INSTRUCTIONS FOR THE TASK:
Images aside, return all the entries exactly.

++++ THE DATA ++++

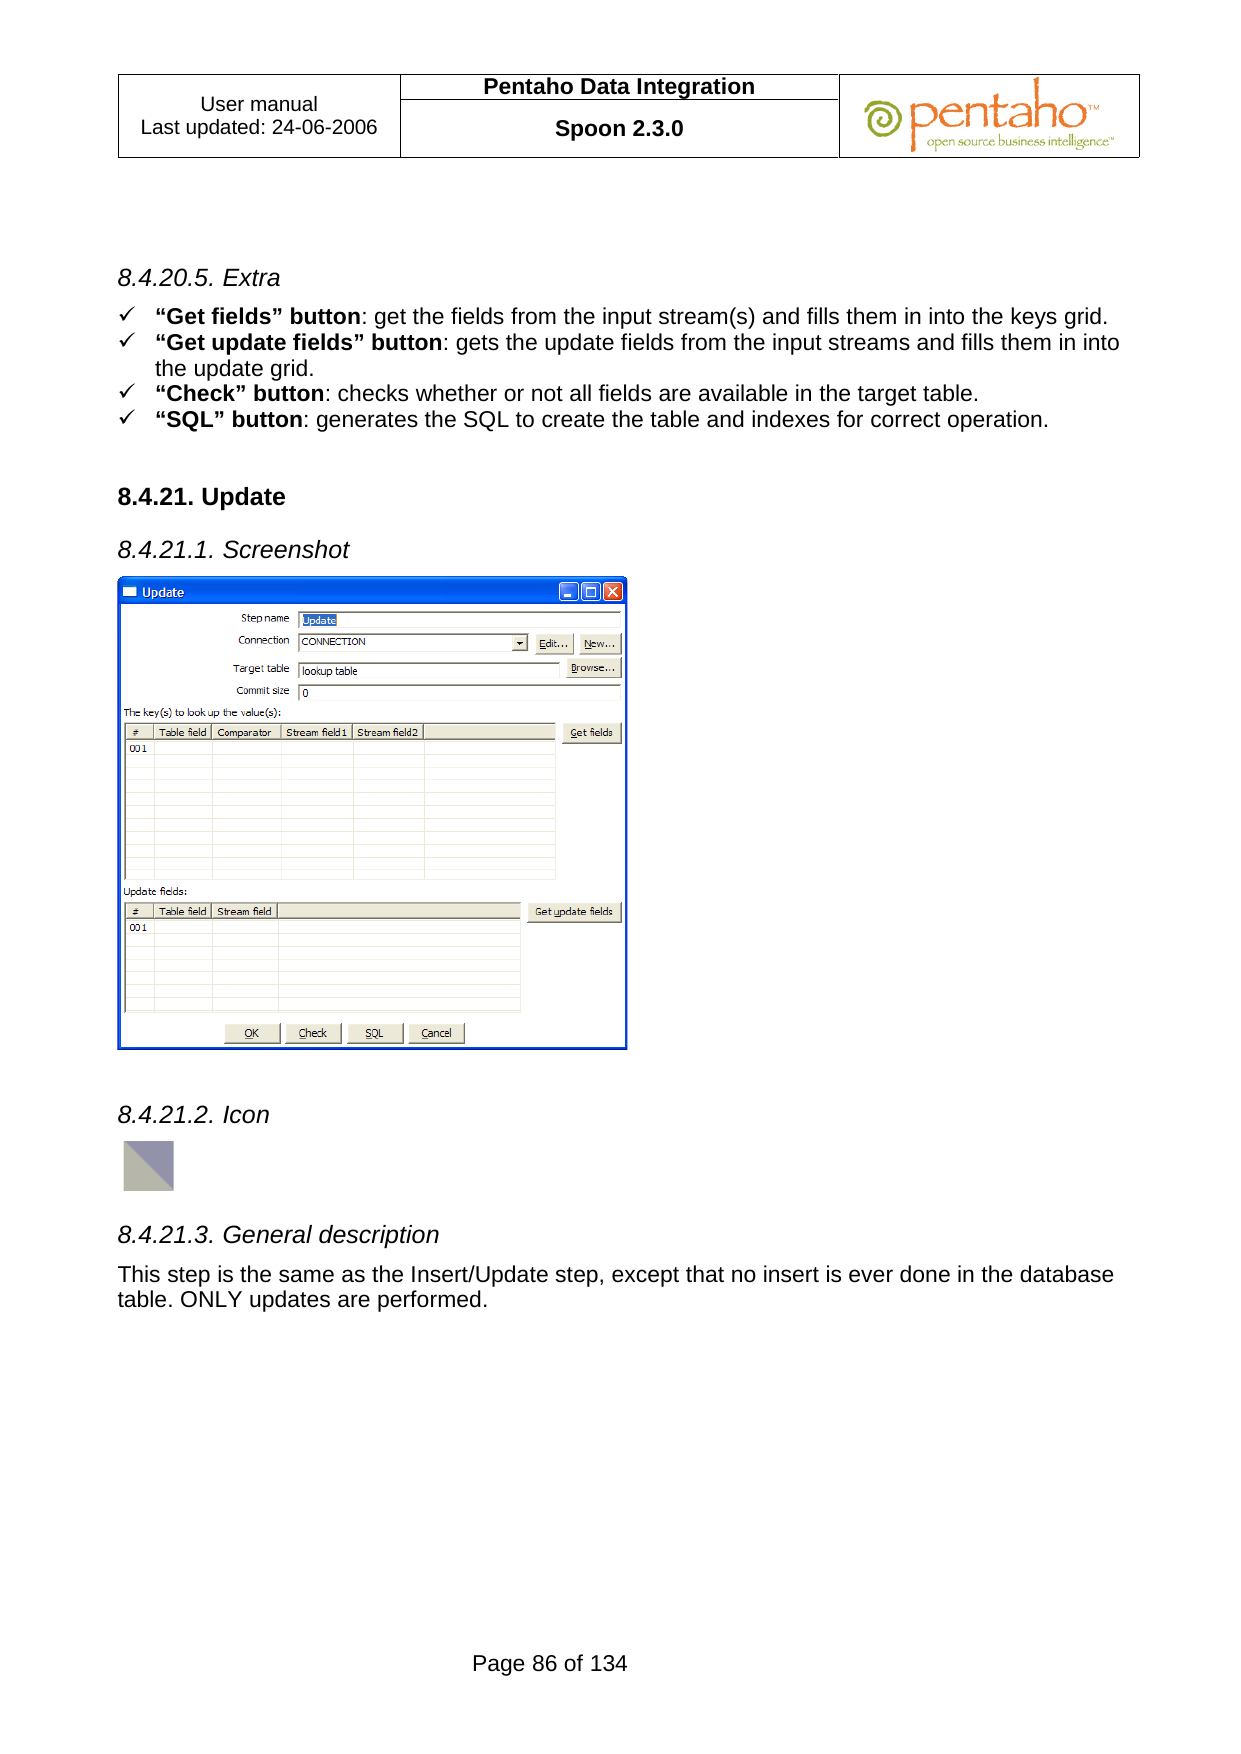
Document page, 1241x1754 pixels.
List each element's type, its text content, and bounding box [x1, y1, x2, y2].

list “Check” button: checks whether or not all fields are available in the target table. [117, 381, 1137, 406]
subtitle General description [117, 1221, 1137, 1249]
picture [123, 1141, 174, 1191]
list “Get fields” button: get the fields from the input stream(s) and fills them in into the keys grid. [117, 304, 1137, 329]
text This step is the same as the Insert/Update step, except that no insert is ever done in the database table. ONLY updates are performed. [117, 1261, 1137, 1312]
subtitle Update [117, 483, 1137, 511]
subtitle Screenshot [117, 536, 1137, 564]
picture [117, 576, 628, 1050]
list “Get update fields” button: gets the update fields from the input streams and fills them in into the update grid. [117, 329, 1137, 381]
subtitle Extra [117, 263, 1137, 291]
list “SQL” button: generates the SQL to create the table and indexes for correct operation. [117, 406, 1137, 432]
subtitle Icon [117, 1101, 1137, 1128]

++++

EXERCISE RESULT:
Document page, 1241x1754 pixels.
List each element's type, its text content, and bounding box [x1, y1, x2, y2].

list “Check” button: checks whether or not all fields are available in the target table. [117, 381, 1137, 406]
subtitle General description [117, 1221, 1137, 1249]
picture [123, 1141, 174, 1191]
list “Get fields” button: get the fields from the input stream(s) and fills them in into the keys grid. [117, 304, 1137, 329]
text This step is the same as the Insert/Update step, except that no insert is ever done in the database table. ONLY updates are performed. [117, 1261, 1137, 1312]
subtitle Update [117, 483, 1137, 511]
subtitle Screenshot [117, 536, 1137, 564]
picture [117, 576, 628, 1050]
list “Get update fields” button: gets the update fields from the input streams and fills them in into the update grid. [117, 329, 1137, 381]
subtitle Extra [117, 263, 1137, 291]
list “SQL” button: generates the SQL to create the table and indexes for correct operation. [117, 406, 1137, 432]
subtitle Icon [117, 1101, 1137, 1128]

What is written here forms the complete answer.